[[ RECORDS PROVIDED open ]]

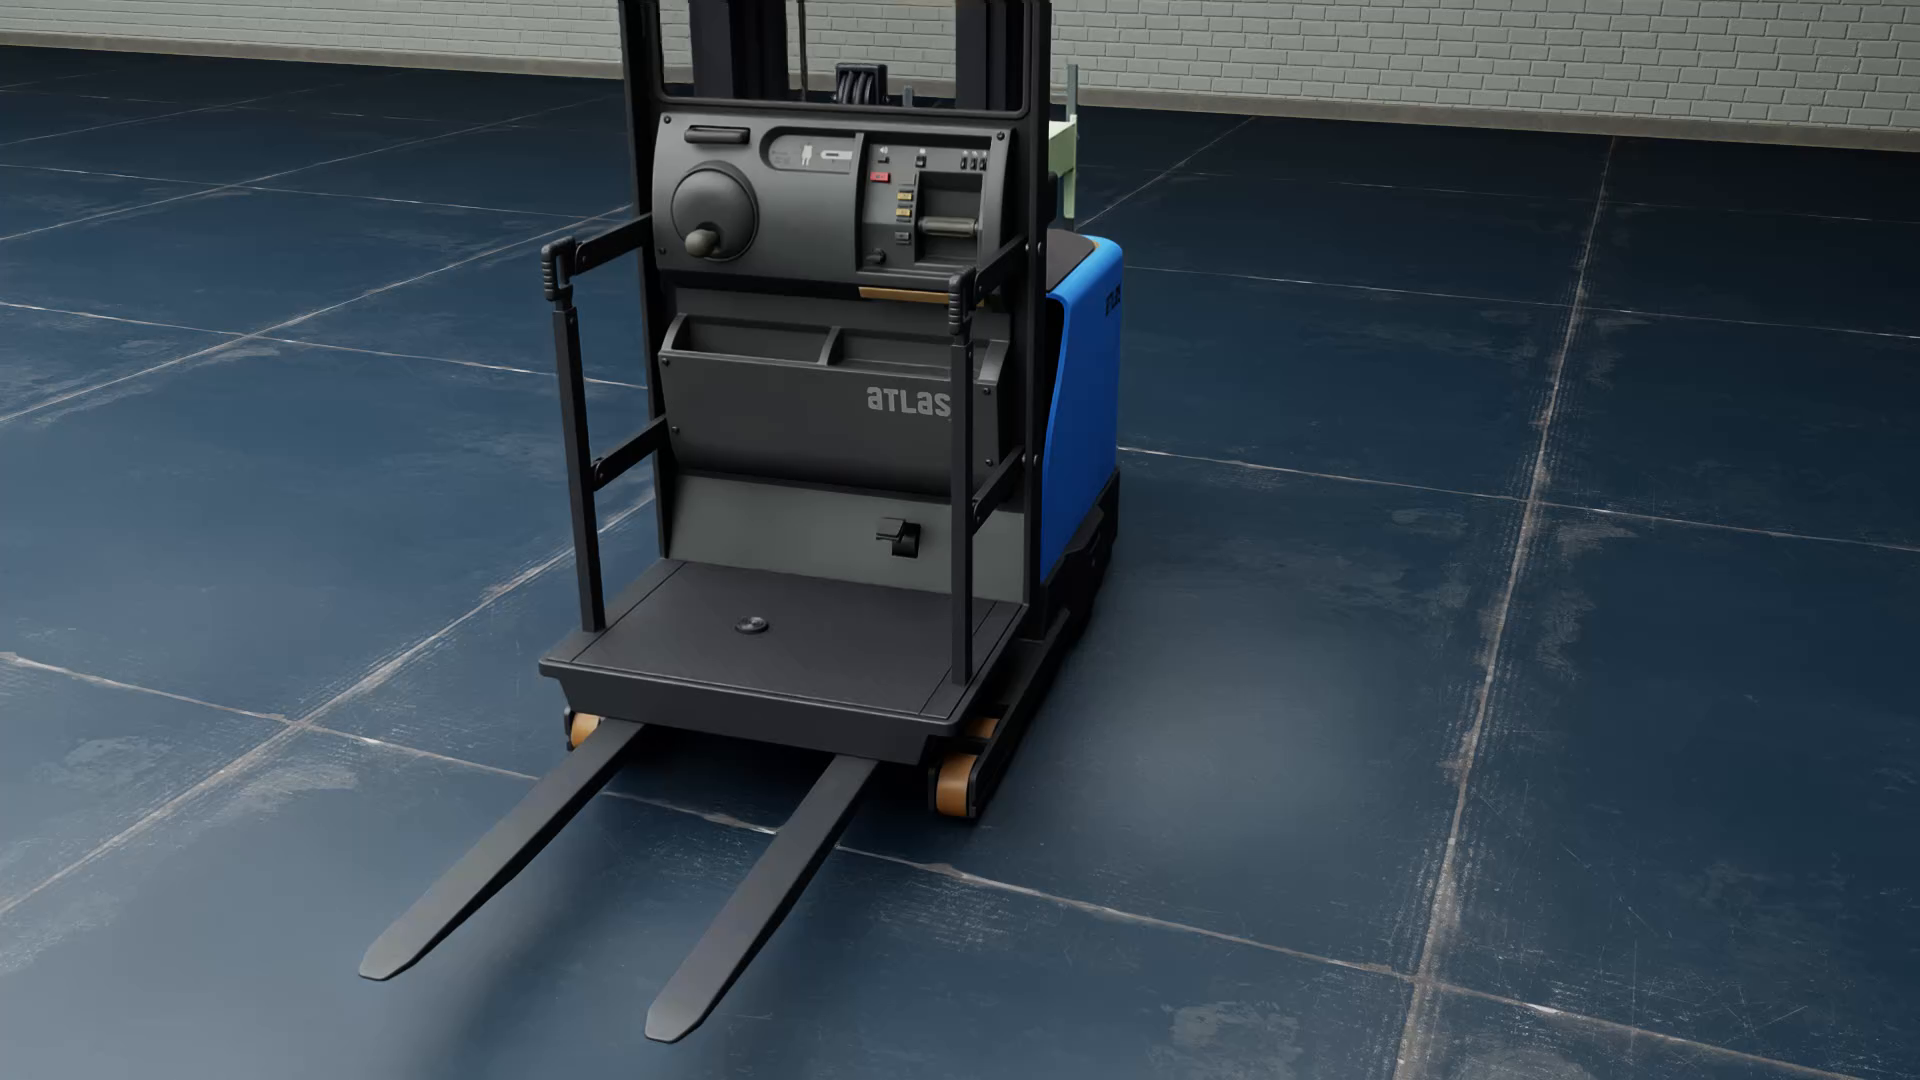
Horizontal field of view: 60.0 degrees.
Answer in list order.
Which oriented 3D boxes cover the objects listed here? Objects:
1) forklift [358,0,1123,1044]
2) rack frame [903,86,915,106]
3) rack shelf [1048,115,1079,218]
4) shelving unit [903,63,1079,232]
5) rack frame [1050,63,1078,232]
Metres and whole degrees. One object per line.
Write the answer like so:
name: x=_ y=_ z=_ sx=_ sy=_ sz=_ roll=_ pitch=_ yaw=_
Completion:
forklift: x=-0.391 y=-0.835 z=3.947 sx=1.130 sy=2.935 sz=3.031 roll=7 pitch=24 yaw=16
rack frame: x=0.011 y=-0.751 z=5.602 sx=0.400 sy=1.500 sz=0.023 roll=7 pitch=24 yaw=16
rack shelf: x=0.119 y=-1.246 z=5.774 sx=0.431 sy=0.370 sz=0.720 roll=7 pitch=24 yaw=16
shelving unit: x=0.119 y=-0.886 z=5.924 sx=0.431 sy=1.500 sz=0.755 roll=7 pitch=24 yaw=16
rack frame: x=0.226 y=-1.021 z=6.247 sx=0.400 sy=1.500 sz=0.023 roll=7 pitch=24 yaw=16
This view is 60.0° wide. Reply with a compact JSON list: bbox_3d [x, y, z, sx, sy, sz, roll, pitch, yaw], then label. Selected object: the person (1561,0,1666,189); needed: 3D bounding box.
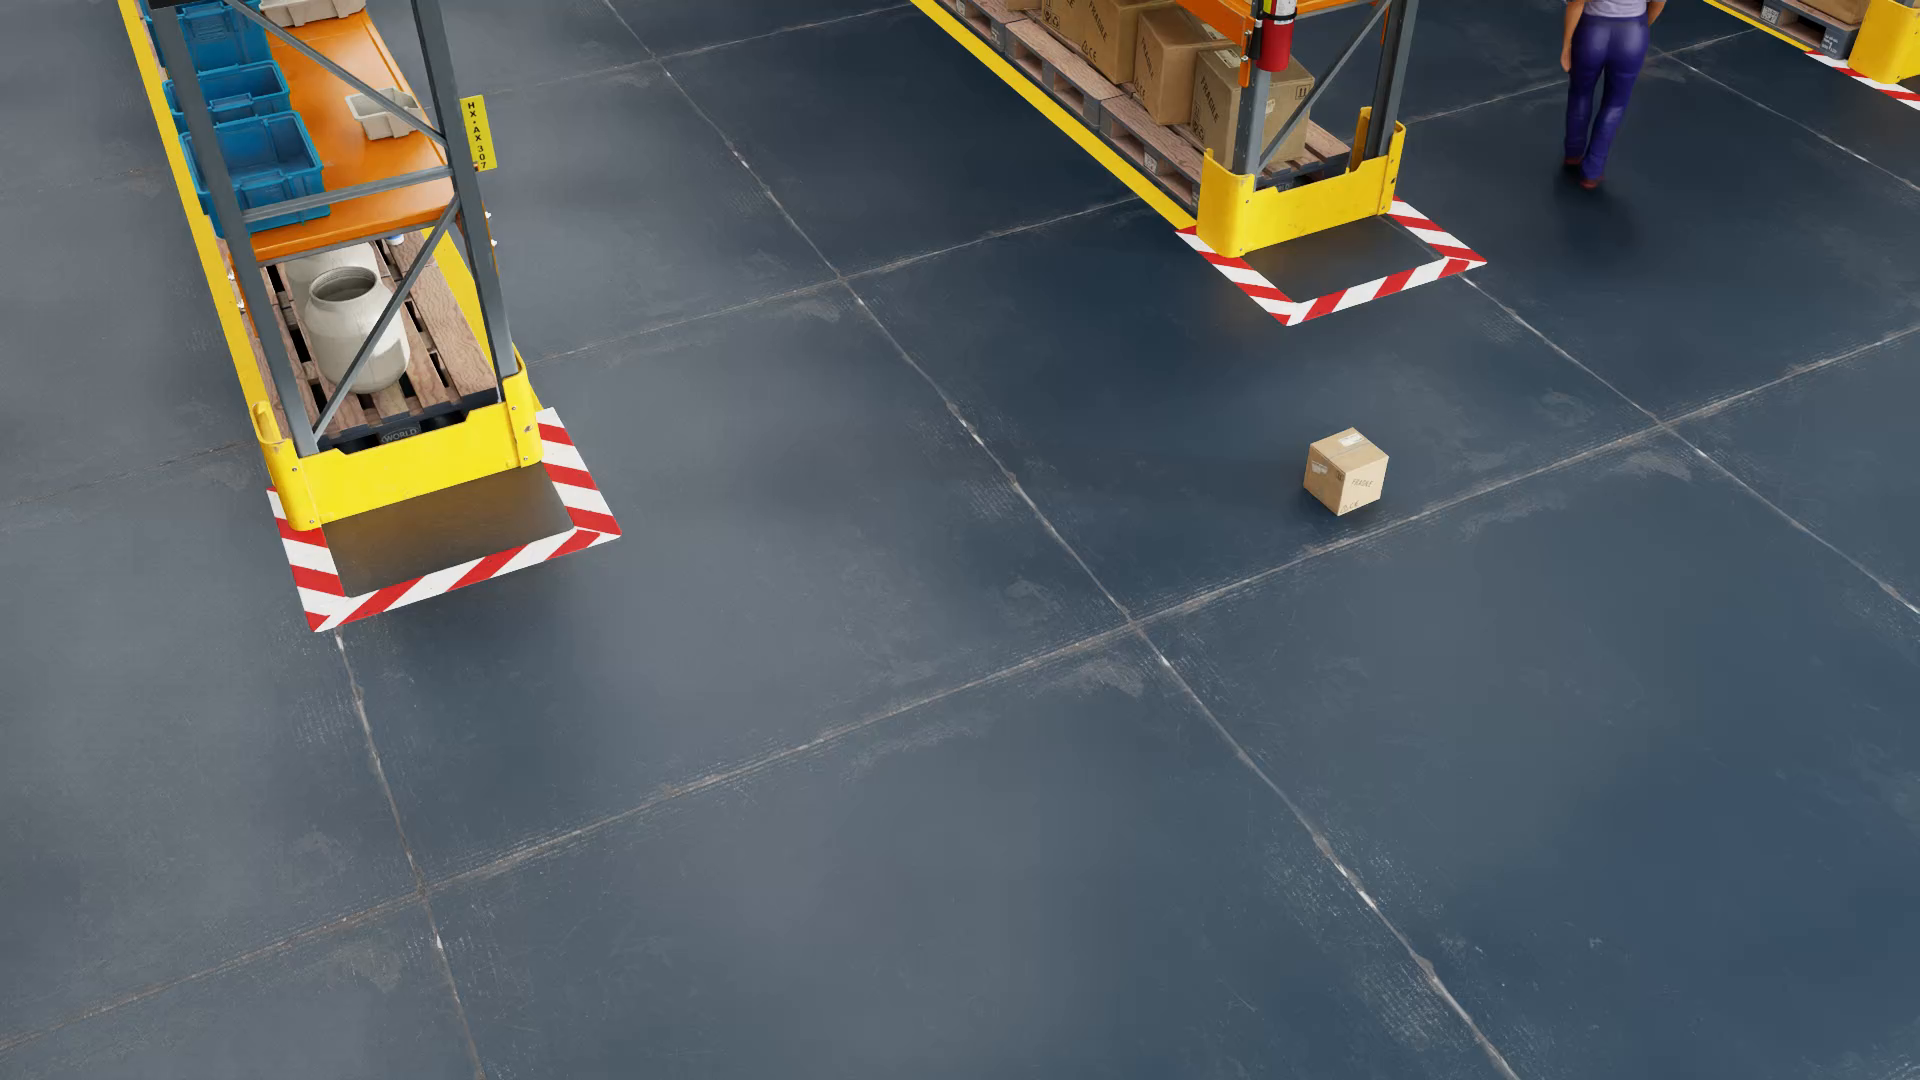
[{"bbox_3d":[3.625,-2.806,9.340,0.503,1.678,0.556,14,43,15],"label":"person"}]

[[ RECORDS PROVIDED closed ]]
[[ RECORDS PROVIDED open ]]

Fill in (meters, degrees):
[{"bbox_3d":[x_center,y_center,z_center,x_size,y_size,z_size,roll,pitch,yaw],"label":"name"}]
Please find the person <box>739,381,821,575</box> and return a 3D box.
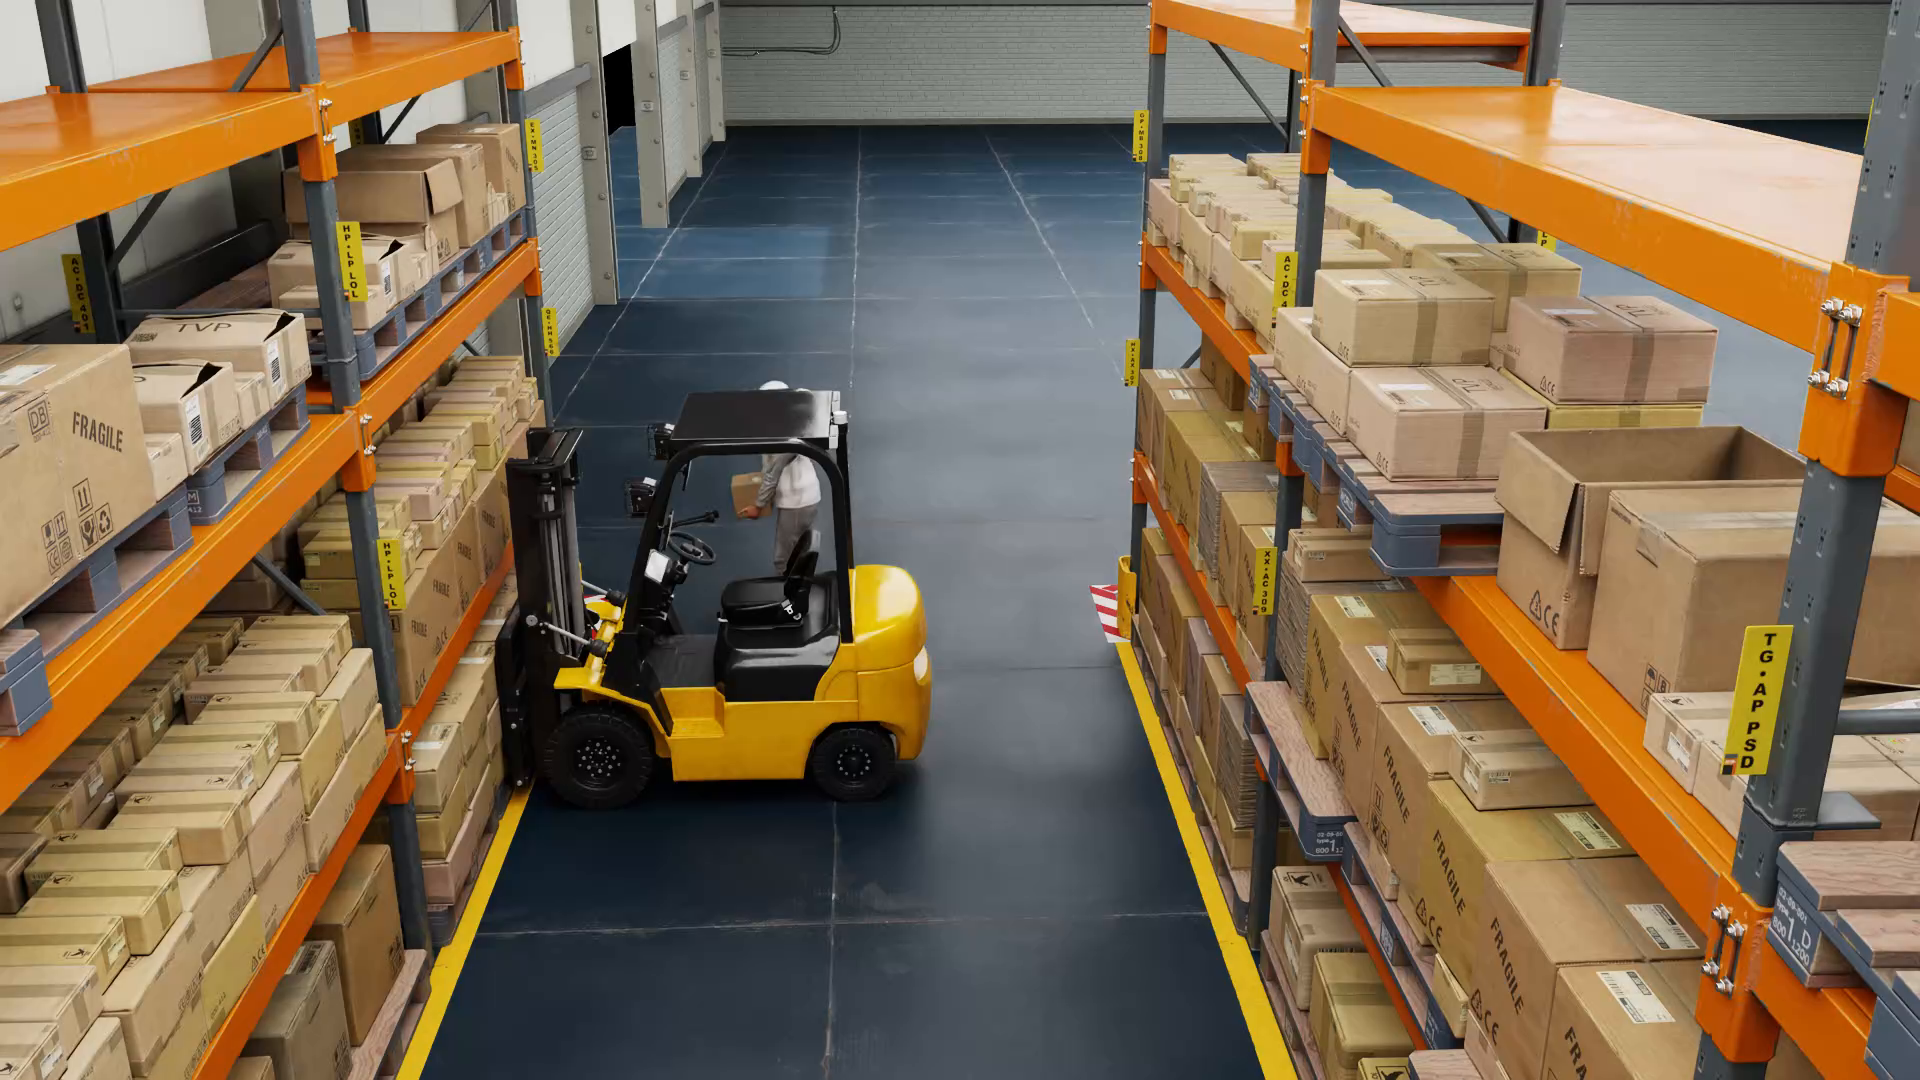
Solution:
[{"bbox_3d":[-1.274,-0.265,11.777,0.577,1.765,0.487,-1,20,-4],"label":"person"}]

[[ RECORDS PROVIDED closed ]]

Return, word for word, the lines of the data above from the line with "Horizontal field of view: 60.0 degrees." through the line with "Metres and whole", inclusive.

SOLVED EXERCISE:
Horizontal field of view: 60.0 degrees.
Answer in list order.
Which oriented 3D boxes cover the objects listed here? Objects:
1) forklift [358,0,1123,1044]
2) rack frame [903,86,915,106]
3) rack shelf [1048,115,1079,218]
4) shelving unit [903,63,1079,232]
5) rack frame [1050,63,1078,232]
Metres and whole degrees. One object per line.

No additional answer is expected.